Mark Billingham's series character Tom Thorne is in many ways an atypical detective to have as the main focus for the sort of hard-bitten police procedural novels that the UK seems to specialise in producing.
On the surface, he's very easy to write off as a John Rebus clone. Sharp-tongued, fond of a drink and with a moderately complicated personal life, he does sound like Ian Rankin's iconic figure. And yet, Thorne is much less of a maverick. A good Thorne investigation - and 2010's From the Dead certainly has elements of precisely that - sees the central character work rather conspicuously with his colleagues, rather than going off on his own track. Additionally, Rebus' rampant alcoholism and soap opera of personal entanglements are replaced with Thorne's ability to stop drinking before he crosses any lines and seemingly-stable relationship with a colleague.
What really set Billingham's series apart from Rankin's or most others, to be honest, is the inventiveness of the scenarios he sets his readers up with. From the Dead begins with two unnamed criminals setting fire to a car with a man inside it, and a throwaway remark from one suggests that the other is faking his own death in the process.
Before this becomes slightly too Guy-Ritchie-esque for its own good, we jump ahead a decade and meet Anna Cunningham, who is busily seducing a man in a sushi restaurant for reasons which become abundantly - and amusingly - clear quite rapidly. Such is Billingham's ability to provide memorable scenes without any real warning.
As the plot begins, it appears that the burning of the car was indeed a death being faked. Alan Langford - a shady businessman - was meant to have been in the car and his widow Donna was found guilty of arranging the hit. She's been released from prison after a decade inside, but has been sent an anonymous letter with a photo showing a man who could only have been her supposedly-late husband looking anything but dead.
Donna enlists the services of a private detective, who in turn involves Thorne as he was the original investigating officer. Thorne is smarting from a more recent trial which appears to be going wrong, as well as dealing with some questions over his relationship, and is understandably reluctant to re-investigate what had apparently been a cut-and-dried case from a decade ago.

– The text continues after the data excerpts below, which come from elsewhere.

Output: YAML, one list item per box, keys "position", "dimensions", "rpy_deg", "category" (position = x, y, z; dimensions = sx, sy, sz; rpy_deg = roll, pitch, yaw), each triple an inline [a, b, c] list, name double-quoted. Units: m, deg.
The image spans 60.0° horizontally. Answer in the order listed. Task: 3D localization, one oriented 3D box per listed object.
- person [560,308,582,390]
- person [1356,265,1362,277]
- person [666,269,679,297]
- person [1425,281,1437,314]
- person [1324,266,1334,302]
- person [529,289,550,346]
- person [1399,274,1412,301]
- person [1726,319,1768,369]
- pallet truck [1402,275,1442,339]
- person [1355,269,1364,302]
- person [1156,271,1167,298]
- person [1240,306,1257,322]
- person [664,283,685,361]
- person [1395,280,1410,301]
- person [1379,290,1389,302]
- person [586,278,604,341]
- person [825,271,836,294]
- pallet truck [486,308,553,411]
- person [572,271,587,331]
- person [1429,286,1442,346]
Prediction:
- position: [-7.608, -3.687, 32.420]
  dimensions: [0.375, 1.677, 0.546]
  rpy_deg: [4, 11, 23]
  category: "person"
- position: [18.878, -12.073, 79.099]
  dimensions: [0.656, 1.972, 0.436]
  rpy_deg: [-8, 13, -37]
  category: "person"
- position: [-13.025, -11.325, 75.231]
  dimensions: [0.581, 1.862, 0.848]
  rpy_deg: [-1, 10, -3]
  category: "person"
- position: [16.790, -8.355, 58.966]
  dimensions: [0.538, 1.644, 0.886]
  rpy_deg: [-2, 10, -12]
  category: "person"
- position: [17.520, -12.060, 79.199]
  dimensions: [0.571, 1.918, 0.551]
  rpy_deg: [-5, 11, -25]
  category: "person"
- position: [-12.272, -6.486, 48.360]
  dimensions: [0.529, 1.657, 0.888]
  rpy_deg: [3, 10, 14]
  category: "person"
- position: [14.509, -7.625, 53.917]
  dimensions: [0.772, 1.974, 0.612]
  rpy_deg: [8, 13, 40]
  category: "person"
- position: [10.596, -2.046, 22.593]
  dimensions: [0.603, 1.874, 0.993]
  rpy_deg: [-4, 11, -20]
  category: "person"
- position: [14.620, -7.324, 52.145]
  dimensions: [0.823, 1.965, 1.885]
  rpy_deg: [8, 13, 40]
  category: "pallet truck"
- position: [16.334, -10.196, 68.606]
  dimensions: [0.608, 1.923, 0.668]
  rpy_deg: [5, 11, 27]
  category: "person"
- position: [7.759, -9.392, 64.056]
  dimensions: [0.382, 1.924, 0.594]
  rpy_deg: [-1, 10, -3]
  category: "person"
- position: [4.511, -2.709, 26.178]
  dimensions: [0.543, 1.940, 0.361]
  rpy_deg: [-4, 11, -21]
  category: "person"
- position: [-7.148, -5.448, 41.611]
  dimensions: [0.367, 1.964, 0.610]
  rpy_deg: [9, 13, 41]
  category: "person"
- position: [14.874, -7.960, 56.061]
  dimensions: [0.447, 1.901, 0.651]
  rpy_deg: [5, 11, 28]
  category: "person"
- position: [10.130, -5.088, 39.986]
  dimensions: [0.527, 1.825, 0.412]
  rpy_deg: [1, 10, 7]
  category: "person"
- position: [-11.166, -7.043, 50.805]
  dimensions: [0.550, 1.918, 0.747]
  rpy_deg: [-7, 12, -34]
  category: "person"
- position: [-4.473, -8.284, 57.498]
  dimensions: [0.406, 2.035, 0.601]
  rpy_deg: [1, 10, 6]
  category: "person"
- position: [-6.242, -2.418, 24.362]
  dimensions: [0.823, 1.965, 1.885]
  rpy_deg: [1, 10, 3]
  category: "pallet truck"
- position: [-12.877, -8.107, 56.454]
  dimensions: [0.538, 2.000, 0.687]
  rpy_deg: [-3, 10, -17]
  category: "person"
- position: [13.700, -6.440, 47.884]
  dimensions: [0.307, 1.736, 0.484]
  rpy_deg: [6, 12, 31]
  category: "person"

Events, perhaps unsurprisingly, rapidly convince him that there is indeed something more sinister afoot and the pair pool their resources to rake over the details of events a decade earlier. The matter is complicated further by the disappearance of Donna's daughter, Ellie, whom she suspects Alan of having kidnapped in a final act of retaliation.

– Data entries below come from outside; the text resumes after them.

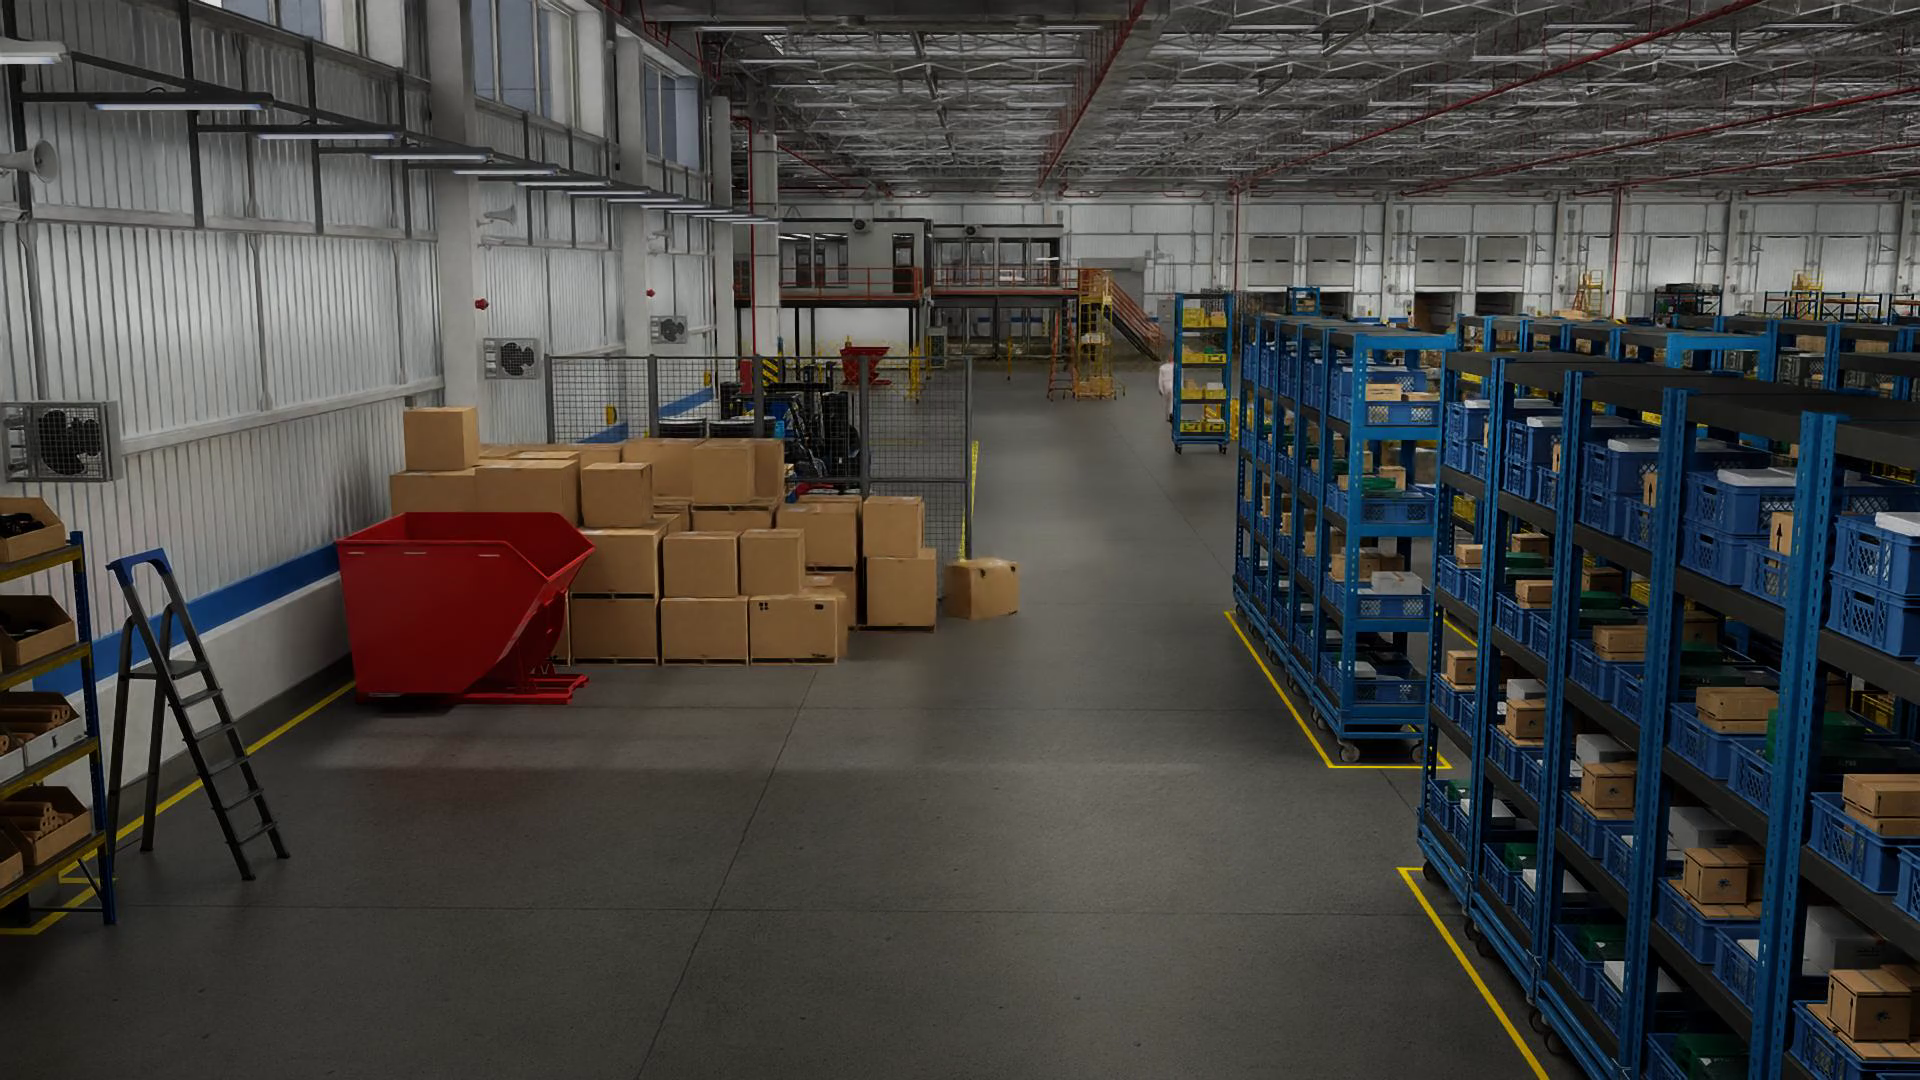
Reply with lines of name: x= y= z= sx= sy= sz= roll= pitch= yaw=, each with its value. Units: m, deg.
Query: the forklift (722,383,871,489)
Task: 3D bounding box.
forklift: x=-2.893 y=-1.687 z=28.729 sx=2.680 sy=1.987 sz=1.157 roll=0 pitch=9 yaw=-1

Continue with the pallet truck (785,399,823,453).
pallet truck: x=-3.814 y=-2.432 z=36.419 sx=1.630 sy=1.274 sz=0.653 roll=0 pitch=9 yaw=1

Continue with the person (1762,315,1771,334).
person: x=40.704 y=-10.464 z=84.153 sx=0.581 sy=1.894 sz=0.813 roll=-7 pitch=12 yaw=-37

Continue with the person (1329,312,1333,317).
person: x=20.815 y=-11.873 z=93.122 sx=0.915 sy=1.799 sz=0.652 roll=6 pitch=11 yaw=34

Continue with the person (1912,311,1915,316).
person: x=52.370 y=-11.694 z=91.689 sx=0.893 sy=1.910 sz=0.551 roll=-4 pitch=10 yaw=-22

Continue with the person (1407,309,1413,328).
person: x=25.591 y=-12.173 z=94.622 sx=0.398 sy=1.918 sz=0.587 roll=5 pitch=10 yaw=28

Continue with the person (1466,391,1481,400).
person: x=12.007 y=-3.169 z=38.797 sx=0.914 sy=2.007 sz=0.619 roll=-2 pitch=10 yaw=-15

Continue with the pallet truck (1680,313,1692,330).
pallet truck: x=36.315 y=-10.531 z=84.244 sx=0.823 sy=1.965 sz=1.885 roll=-6 pitch=11 yaw=-33

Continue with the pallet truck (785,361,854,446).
pallet truck: x=-3.410 y=-3.193 z=38.978 sx=1.885 sy=1.965 sz=0.823 roll=0 pitch=9 yaw=-1

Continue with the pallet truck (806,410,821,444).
pallet truck: x=-3.559 y=-2.018 z=33.905 sx=1.522 sy=1.261 sz=0.704 roll=0 pitch=9 yaw=-1

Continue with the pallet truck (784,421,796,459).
pallet truck: x=-4.013 y=-1.793 z=32.705 sx=1.601 sy=1.201 sz=0.680 roll=0 pitch=9 yaw=1

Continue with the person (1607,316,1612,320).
person: x=31.201 y=-9.797 z=79.979 sx=0.577 sy=1.920 sz=0.639 roll=1 pitch=9 yaw=8

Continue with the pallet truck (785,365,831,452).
pallet truck: x=-3.774 y=-2.976 z=37.635 sx=1.885 sy=1.965 sz=0.823 roll=1 pitch=9 yaw=5

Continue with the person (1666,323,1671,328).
person: x=30.121 y=-8.291 z=70.748 sx=0.603 sy=1.894 sz=0.728 roll=-2 pitch=9 yaw=-10

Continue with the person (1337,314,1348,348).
person: x=20.188 y=-10.987 z=87.657 sx=0.949 sy=1.793 sz=0.648 roll=1 pitch=9 yaw=7

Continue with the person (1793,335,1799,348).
person: x=31.240 y=-6.862 z=62.355 sx=0.376 sy=1.755 sz=0.524 roll=1 pitch=9 yaw=5

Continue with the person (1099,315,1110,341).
person: x=7.910 y=-11.726 z=91.839 sx=0.643 sy=1.918 sz=0.756 roll=9 pitch=13 yaw=43

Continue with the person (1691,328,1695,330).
person: x=27.962 y=-7.149 z=63.593 sx=0.735 sy=1.943 sz=0.634 roll=5 pitch=10 yaw=28

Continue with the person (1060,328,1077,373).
person: x=4.379 y=-7.600 z=66.767 sx=0.849 sy=1.814 sz=0.510 roll=-6 pitch=11 yaw=-32

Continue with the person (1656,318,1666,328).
person: x=33.730 y=-9.773 z=80.018 sx=0.532 sy=1.851 sz=0.383 roll=7 pitch=11 yaw=35

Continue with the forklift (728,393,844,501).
forklift: x=-2.979 y=-1.316 z=26.476 sx=2.680 sy=1.987 sz=1.157 roll=0 pitch=9 yaw=1

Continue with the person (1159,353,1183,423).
person: x=5.711 y=-4.126 z=45.111 sx=0.646 sy=1.881 sz=0.868 roll=2 pitch=9 yaw=12

Billingham's customary sense of humour shines through at the most unexpected moments in this novel. Thorne conducts part of the investigation in Yorkshire and spends some time comparing the detectives he meets there with his own London-based colleagues and working out the personality types that every team contains, often with amusing results. The officiousness of various superiors is satirised, particularly with the creation of a series of silly policing acronyms, too.
Importantly, though, Billingham never has the humour feel forced. This clearly comes from his background as a comedian and scriptwriter, where the importance of the funny lines seeming natural is key. The dialogue in the investigative team meetings, for example, is entirely plausible, with one young detective's suggestion of "I've been wondering about tax evasion" (as a means of capturing Langford) being greeted with Thorne's immediate response of "I wouldn't try it. It's illegal", the kind of exchange familiar to anyone who's been in a meeting which perhaps took just a little bit too long.
Eventually, the investigation leads Thorne to the south of Spain - the "Costa del Crime", as many of his colleagues term it. This, of course, gives rise to plenty of cultural-misunderstanding jokes (the deadpan riff from a Spanish policeman about the apparent health benefits of cosmetic surgery is vintage Billingham), but the humour never overstays its welcome or overshadows the investigation itself.
If there's a flaw in From the Dead, it would be the pacing of the plot. After the initial flurry of leads, things genuinely peter out until the final 60-80 pages in Spain. While this is more than likely the way an investigation like this would work in the real world, the entire point about crime fiction is that we don't get treated to every single painstaking exploration of a dead end - yes, realism is the key in this style of fiction, but it's realism to an end, rather than realism for realism's sake.
As a result of this, the final few twists in the plot feel more like the result of Billingham having painted himself into a corner rather than the "thrilling conclusion" such a novel really deserves. The blurb on the back of my copy makes a lot of "nothing and nobody are what they seem", which really isn't true. One of the "not what they seem" characters, frankly, had me scrambling back through the earlier chapters to remember just who they were meant to be, which isn't ideal in any regard. The deus ex machina style of ending really feels beneath a writer like Billingham, who seems to specialise in pulling the rug out from under the reader.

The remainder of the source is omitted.